**ABOUT THIS EXERCISE:**
Give only the number of lines below that contain the word "agent".

**DATA SUPPLIED:**
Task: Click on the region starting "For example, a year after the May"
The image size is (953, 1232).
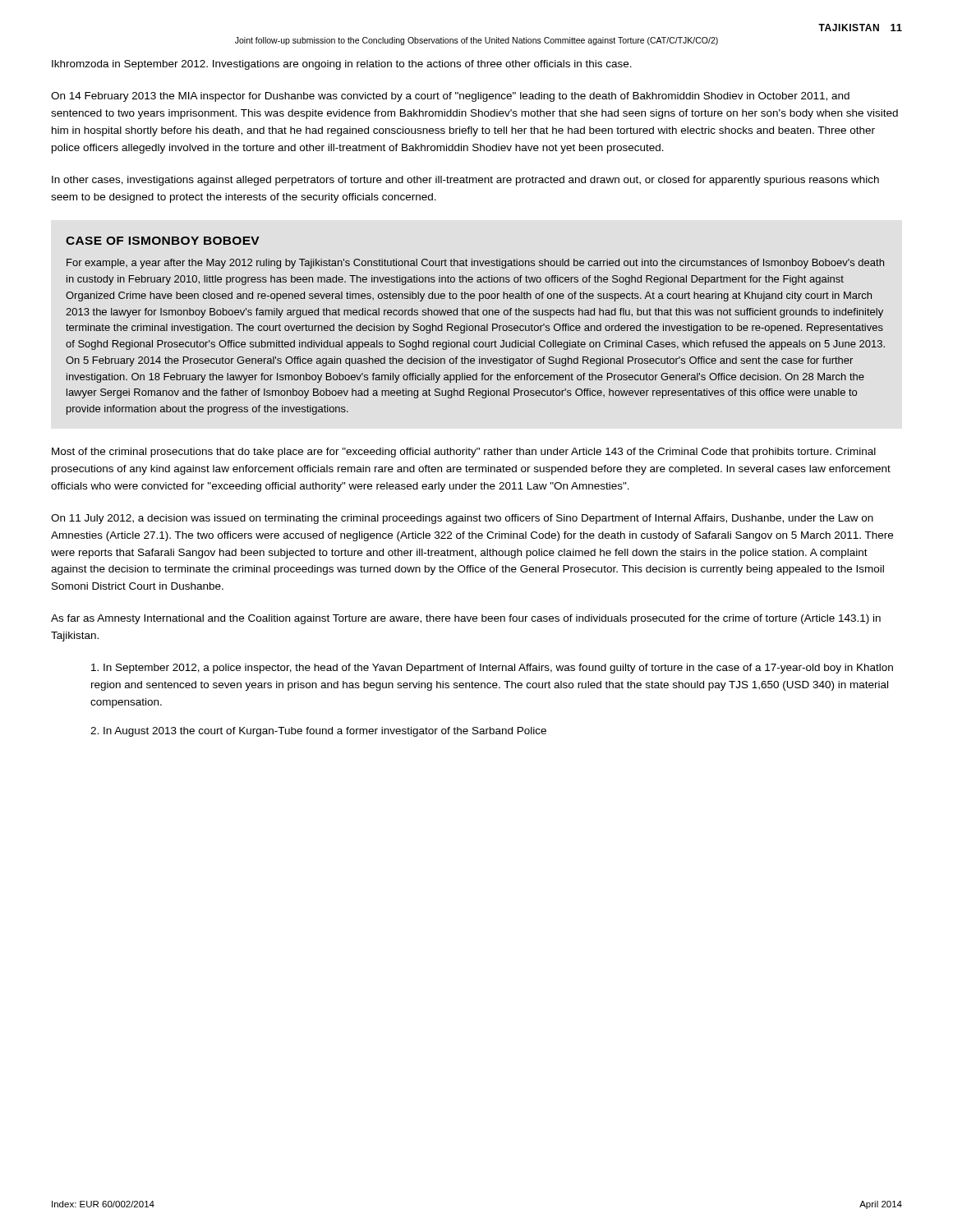Action: (x=476, y=336)
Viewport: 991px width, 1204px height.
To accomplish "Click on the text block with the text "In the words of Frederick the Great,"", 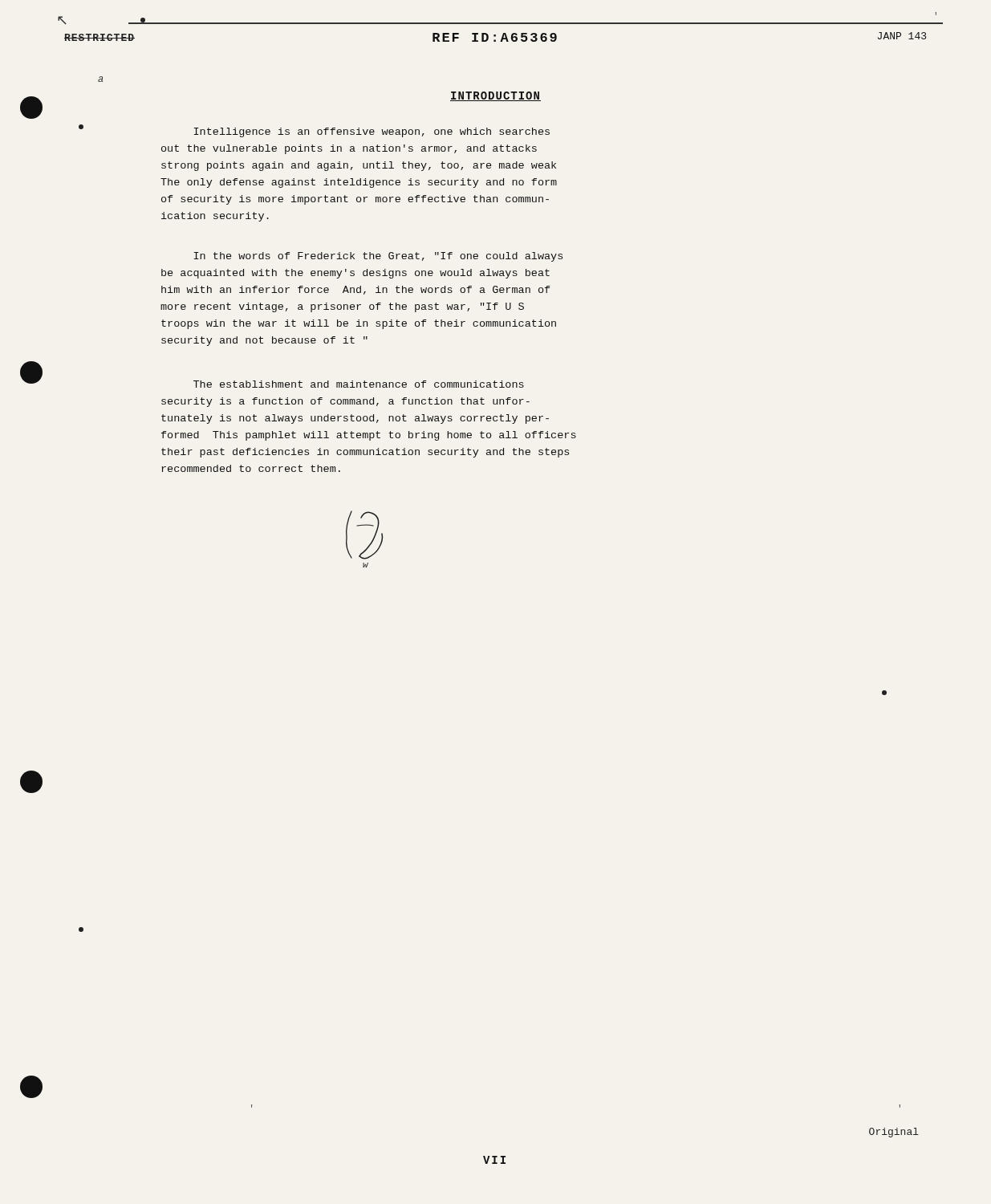I will pos(362,298).
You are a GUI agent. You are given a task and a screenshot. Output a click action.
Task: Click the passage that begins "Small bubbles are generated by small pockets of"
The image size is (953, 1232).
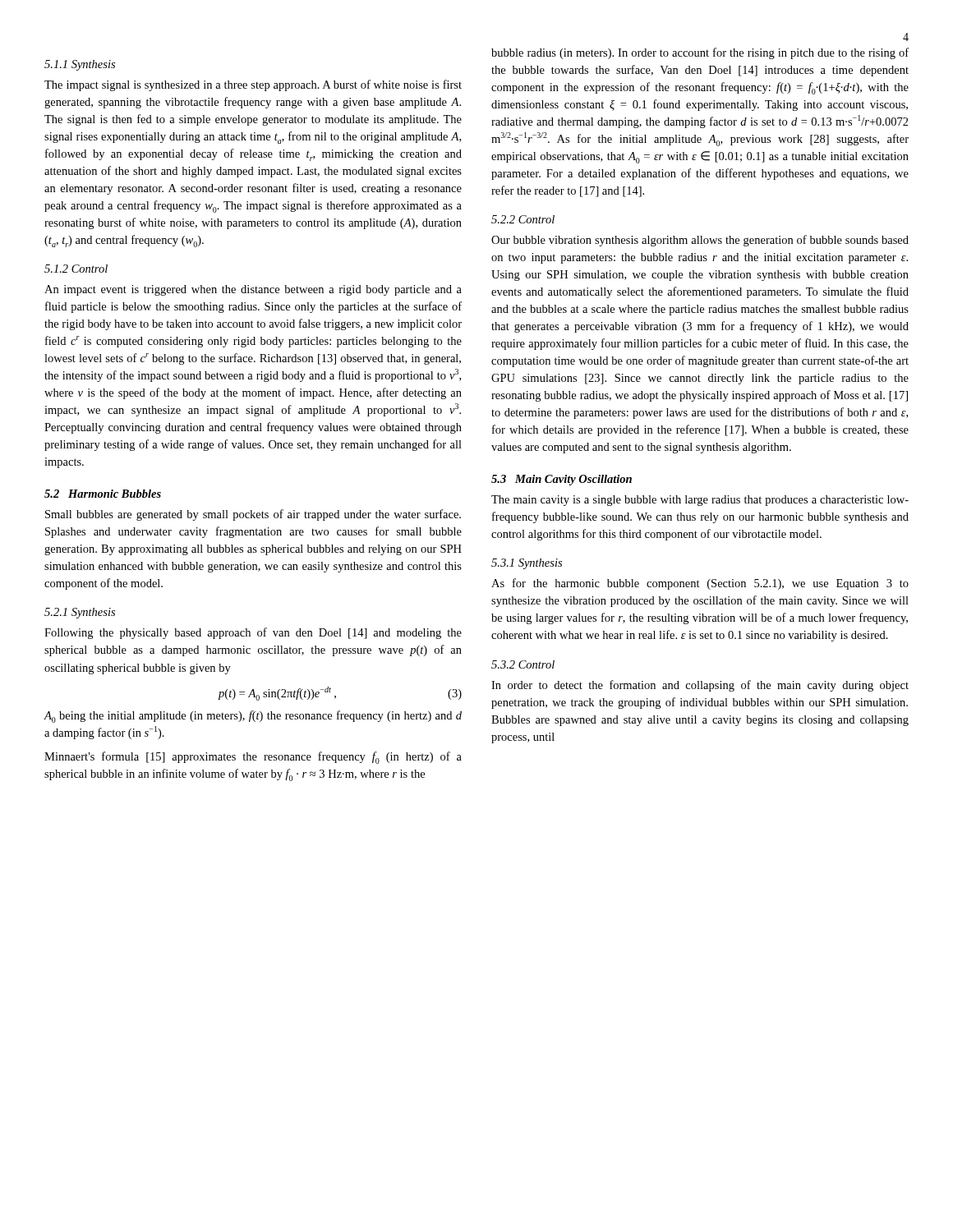(x=253, y=549)
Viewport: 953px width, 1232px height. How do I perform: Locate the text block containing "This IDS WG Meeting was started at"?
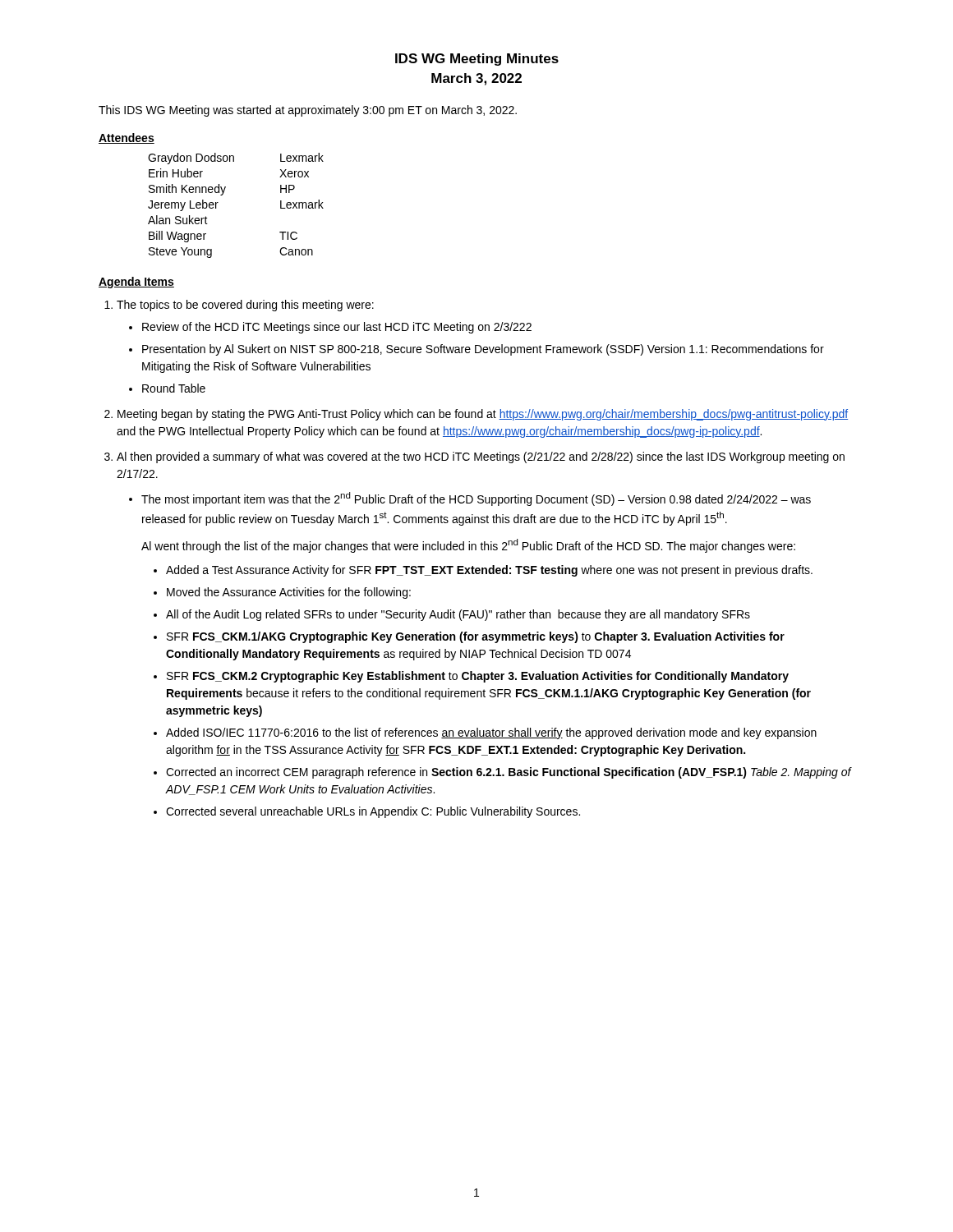click(308, 110)
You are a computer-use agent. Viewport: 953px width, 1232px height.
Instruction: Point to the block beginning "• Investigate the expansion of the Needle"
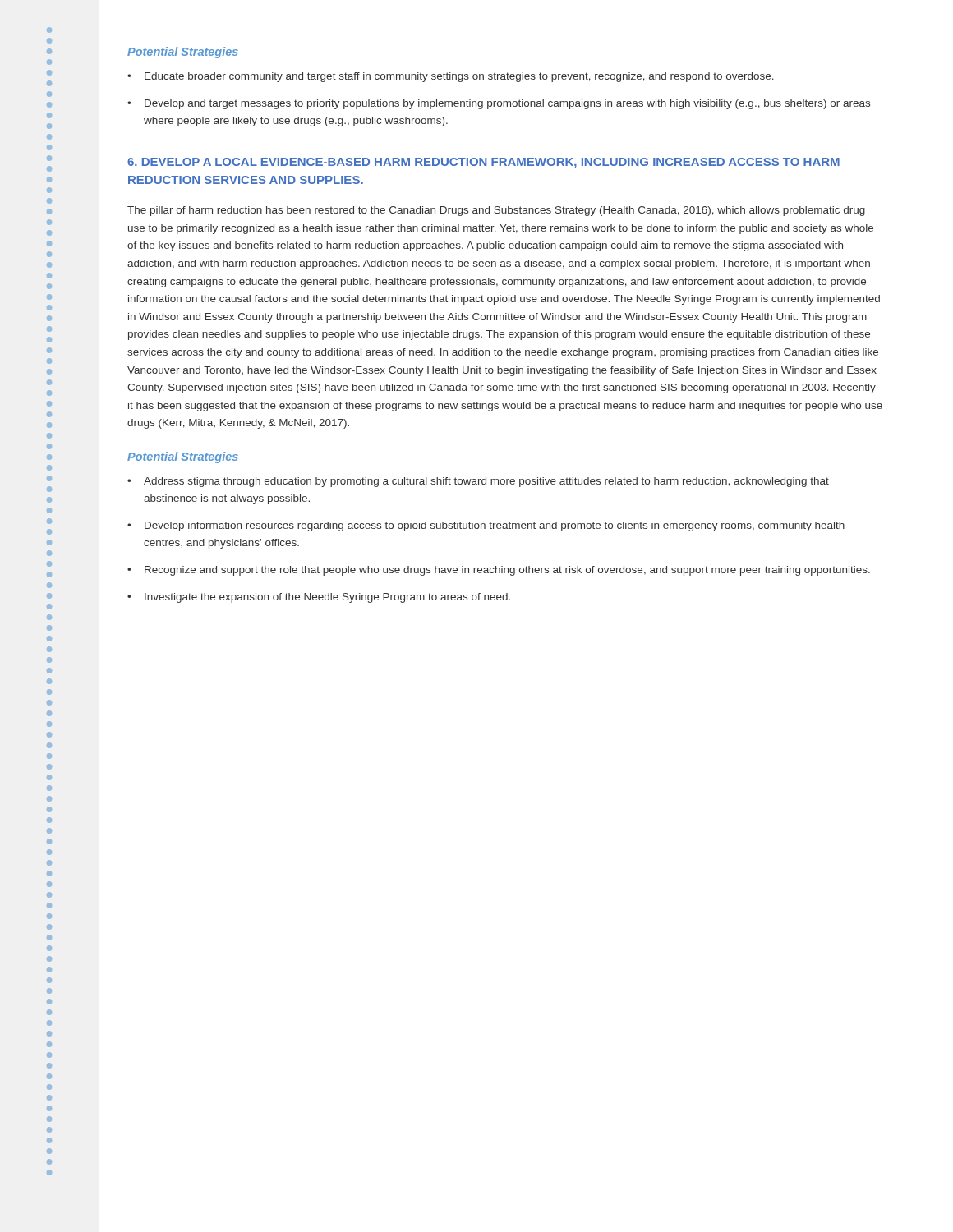coord(319,597)

**PROBLEM SOLUTION:**
2